_Data for this exercise_
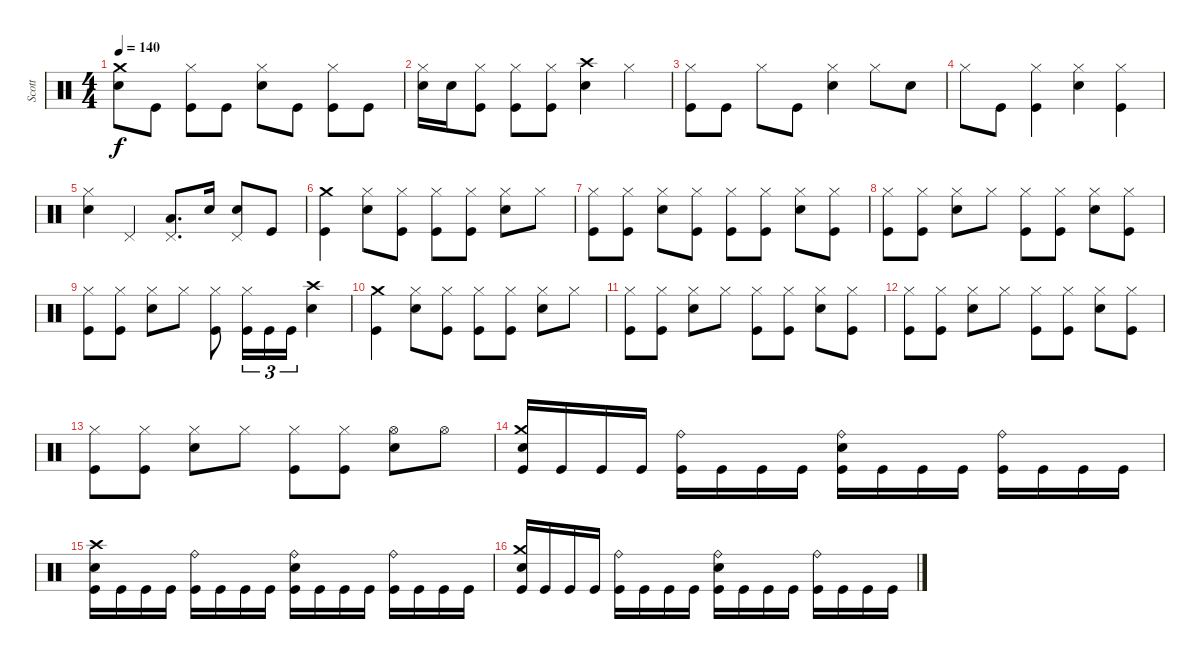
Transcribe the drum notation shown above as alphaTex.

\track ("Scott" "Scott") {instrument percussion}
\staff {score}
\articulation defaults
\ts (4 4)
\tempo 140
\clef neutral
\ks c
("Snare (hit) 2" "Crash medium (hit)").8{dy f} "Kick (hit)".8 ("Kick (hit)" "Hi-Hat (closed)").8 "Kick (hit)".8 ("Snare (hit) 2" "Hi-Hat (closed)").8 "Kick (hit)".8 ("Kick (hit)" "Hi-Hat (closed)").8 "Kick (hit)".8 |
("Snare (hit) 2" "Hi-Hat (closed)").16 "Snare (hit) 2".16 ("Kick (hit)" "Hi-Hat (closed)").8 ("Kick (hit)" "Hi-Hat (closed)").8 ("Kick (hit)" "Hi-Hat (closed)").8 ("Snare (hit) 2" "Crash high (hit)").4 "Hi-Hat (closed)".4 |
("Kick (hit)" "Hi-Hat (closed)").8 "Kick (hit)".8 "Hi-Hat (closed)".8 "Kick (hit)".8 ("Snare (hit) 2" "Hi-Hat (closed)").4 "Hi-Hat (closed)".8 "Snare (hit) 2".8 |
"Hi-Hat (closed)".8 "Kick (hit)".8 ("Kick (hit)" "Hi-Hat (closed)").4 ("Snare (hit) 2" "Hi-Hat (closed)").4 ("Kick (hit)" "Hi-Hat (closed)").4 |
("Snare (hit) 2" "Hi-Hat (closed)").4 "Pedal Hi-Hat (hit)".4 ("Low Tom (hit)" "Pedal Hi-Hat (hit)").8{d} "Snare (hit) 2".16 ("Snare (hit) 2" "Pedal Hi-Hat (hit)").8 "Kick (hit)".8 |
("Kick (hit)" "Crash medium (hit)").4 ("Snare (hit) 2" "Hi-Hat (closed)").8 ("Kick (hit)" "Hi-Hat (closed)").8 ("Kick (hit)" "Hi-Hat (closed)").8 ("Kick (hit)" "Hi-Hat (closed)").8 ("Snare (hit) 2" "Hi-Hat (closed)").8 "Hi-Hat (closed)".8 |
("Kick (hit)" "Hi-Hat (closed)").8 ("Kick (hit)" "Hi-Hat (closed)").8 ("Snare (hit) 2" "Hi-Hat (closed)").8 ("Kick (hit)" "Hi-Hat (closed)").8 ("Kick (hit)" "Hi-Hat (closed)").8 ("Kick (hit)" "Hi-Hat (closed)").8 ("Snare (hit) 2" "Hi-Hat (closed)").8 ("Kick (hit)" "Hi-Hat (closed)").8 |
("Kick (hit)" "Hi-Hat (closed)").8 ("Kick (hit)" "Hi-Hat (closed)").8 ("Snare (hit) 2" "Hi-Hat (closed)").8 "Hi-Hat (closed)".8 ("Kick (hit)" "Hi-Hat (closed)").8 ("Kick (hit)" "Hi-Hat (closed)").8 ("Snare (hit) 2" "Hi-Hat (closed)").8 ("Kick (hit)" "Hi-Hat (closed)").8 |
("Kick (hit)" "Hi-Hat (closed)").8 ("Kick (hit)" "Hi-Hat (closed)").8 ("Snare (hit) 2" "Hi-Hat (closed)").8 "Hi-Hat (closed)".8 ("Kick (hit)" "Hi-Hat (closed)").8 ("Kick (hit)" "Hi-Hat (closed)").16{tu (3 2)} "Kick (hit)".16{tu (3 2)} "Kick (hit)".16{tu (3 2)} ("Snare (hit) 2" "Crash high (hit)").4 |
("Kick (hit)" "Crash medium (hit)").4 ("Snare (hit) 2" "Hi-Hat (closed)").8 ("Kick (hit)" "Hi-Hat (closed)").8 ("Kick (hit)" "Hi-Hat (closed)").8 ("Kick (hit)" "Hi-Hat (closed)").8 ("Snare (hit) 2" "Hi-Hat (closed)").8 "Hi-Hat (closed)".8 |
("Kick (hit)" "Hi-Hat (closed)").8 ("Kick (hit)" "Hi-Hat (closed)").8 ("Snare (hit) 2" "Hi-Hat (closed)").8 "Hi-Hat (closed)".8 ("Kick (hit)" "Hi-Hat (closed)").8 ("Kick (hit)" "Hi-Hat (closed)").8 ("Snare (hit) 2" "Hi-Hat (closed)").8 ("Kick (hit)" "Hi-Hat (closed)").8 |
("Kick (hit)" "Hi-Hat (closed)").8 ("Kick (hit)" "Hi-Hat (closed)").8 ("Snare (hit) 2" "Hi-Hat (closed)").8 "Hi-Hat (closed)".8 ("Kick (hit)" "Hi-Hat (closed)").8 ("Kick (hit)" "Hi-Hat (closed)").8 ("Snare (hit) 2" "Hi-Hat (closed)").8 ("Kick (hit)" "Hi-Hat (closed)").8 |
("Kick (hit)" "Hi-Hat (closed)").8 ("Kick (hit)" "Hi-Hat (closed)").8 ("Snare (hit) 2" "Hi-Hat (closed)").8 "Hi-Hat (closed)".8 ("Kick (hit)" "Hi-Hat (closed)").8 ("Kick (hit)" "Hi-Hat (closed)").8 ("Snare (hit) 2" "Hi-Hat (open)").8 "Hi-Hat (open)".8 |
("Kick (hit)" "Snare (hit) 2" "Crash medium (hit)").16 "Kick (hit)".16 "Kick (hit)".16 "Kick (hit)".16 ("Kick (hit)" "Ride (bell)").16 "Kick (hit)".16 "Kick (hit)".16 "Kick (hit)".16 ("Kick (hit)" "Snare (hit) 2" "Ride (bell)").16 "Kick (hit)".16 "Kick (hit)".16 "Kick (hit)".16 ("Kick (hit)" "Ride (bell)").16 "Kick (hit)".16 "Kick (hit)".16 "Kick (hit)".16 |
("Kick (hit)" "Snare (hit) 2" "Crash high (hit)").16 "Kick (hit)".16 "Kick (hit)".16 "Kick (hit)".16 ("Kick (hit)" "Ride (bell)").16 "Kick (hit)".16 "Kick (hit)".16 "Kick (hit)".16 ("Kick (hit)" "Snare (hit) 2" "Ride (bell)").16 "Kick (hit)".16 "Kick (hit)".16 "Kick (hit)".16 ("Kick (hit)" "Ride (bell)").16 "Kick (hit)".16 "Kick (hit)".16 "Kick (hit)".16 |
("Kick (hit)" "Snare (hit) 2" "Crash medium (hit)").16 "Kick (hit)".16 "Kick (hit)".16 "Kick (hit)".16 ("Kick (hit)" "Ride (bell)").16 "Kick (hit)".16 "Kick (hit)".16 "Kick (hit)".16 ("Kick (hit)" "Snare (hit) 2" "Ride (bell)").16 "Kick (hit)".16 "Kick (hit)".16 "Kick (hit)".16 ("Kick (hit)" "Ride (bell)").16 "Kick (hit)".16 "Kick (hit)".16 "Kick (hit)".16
...
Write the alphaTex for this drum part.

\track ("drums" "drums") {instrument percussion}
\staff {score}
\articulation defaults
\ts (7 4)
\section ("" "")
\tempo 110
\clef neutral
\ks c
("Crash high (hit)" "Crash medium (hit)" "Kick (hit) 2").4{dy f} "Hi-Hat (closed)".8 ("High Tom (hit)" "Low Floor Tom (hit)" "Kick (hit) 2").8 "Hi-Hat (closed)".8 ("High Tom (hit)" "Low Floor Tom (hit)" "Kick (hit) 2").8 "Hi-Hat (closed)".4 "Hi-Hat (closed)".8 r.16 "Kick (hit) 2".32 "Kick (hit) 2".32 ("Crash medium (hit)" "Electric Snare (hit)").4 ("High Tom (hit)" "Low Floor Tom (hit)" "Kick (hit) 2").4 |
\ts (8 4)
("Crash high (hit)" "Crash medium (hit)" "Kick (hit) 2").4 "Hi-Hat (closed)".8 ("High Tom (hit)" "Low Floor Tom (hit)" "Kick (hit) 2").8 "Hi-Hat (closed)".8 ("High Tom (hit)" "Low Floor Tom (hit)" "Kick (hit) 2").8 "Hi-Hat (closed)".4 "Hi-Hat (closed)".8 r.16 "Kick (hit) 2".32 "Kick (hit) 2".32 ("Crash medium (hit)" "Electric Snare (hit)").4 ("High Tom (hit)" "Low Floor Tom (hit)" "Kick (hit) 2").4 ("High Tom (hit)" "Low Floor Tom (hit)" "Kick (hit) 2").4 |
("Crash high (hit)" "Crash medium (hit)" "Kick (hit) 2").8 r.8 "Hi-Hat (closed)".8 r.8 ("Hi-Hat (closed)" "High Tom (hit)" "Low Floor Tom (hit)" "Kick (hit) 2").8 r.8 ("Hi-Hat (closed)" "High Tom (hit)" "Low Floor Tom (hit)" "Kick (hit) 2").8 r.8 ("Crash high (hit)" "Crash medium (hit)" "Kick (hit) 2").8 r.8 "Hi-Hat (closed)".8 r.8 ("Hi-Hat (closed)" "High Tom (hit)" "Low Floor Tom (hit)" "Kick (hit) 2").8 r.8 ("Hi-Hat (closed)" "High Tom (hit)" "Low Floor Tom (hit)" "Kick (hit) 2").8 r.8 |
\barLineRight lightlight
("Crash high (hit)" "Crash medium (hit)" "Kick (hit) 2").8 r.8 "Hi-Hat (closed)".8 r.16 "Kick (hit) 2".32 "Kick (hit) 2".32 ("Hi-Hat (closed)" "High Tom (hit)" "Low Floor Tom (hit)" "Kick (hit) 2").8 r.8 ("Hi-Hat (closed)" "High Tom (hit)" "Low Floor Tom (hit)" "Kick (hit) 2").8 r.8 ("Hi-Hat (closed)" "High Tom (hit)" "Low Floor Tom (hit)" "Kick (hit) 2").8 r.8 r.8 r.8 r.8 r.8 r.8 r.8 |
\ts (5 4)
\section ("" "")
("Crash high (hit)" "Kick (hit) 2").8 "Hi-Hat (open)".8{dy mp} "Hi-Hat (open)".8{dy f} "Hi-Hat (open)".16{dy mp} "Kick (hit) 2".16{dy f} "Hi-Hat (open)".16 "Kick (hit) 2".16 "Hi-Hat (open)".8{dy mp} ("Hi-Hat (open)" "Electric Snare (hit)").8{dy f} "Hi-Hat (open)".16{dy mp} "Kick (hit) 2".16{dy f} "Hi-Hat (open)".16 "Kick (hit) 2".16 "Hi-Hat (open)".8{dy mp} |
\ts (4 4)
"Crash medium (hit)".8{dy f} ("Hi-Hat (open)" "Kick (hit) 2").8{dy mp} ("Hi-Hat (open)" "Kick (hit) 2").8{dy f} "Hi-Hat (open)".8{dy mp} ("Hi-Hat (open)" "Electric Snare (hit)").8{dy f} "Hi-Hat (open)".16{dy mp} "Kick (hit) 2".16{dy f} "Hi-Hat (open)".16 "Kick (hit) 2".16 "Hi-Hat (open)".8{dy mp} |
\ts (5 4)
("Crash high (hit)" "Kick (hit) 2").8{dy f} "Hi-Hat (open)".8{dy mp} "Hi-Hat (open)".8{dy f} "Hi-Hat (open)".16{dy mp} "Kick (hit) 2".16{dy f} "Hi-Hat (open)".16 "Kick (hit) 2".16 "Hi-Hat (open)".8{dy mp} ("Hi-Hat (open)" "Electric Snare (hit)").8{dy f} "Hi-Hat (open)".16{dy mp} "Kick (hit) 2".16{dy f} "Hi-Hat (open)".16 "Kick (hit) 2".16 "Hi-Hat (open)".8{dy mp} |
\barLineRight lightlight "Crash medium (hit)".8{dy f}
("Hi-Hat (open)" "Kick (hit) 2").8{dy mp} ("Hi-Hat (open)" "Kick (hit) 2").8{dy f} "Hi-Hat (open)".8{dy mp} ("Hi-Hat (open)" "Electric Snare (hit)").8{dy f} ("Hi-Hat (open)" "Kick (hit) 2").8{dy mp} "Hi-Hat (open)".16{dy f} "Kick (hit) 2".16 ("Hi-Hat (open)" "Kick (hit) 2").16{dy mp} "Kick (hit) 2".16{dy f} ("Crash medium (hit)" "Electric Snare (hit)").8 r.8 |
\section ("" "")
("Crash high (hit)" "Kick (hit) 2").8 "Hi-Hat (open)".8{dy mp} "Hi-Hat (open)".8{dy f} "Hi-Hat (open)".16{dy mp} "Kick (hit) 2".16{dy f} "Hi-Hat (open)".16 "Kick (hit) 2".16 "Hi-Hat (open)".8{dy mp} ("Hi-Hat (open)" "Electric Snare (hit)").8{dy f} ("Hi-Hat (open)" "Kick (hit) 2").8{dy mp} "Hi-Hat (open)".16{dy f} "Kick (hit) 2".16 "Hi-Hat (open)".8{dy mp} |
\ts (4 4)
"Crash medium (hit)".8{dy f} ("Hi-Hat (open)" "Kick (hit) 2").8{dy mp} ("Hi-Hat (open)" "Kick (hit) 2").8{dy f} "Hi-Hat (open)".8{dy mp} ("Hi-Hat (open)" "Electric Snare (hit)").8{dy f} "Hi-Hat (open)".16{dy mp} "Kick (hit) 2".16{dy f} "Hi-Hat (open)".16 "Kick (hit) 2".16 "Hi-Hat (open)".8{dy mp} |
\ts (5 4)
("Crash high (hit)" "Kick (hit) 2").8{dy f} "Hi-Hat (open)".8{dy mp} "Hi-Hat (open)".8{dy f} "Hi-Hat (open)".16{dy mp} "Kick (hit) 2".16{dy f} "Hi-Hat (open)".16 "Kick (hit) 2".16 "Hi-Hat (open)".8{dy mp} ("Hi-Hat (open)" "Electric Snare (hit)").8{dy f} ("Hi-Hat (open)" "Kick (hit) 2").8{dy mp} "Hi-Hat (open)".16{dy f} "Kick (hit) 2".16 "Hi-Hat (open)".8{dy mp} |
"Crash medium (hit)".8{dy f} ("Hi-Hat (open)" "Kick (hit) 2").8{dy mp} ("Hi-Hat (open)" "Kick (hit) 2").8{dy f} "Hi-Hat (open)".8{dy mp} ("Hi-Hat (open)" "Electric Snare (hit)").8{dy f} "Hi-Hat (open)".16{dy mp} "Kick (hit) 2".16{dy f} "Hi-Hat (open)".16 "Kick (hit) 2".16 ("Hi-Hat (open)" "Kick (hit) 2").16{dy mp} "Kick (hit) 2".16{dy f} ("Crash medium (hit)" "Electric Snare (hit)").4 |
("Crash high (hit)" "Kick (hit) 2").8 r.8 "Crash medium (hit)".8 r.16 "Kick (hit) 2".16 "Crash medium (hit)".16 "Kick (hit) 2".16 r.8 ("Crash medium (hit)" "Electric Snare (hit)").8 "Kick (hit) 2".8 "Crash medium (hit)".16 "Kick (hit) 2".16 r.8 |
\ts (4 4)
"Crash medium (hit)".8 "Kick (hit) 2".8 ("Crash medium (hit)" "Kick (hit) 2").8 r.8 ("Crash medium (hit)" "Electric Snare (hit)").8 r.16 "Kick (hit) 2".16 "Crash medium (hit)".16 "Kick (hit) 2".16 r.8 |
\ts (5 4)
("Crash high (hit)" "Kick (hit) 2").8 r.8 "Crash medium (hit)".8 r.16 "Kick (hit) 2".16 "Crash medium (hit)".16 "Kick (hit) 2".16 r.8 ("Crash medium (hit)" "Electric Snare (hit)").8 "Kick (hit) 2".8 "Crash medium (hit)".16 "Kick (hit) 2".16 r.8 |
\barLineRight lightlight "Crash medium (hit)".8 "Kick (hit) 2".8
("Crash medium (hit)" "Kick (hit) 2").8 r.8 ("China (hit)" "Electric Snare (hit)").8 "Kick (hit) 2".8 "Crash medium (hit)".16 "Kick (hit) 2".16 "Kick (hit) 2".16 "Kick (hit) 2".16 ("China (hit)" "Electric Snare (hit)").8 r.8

_What you have to do_
What the answer needs is every line from the data above with "alphaTex" in it.

_Answer to this task_
Transcribe the drum notation shown above as alphaTex.
Write the alphaTex for this drum part.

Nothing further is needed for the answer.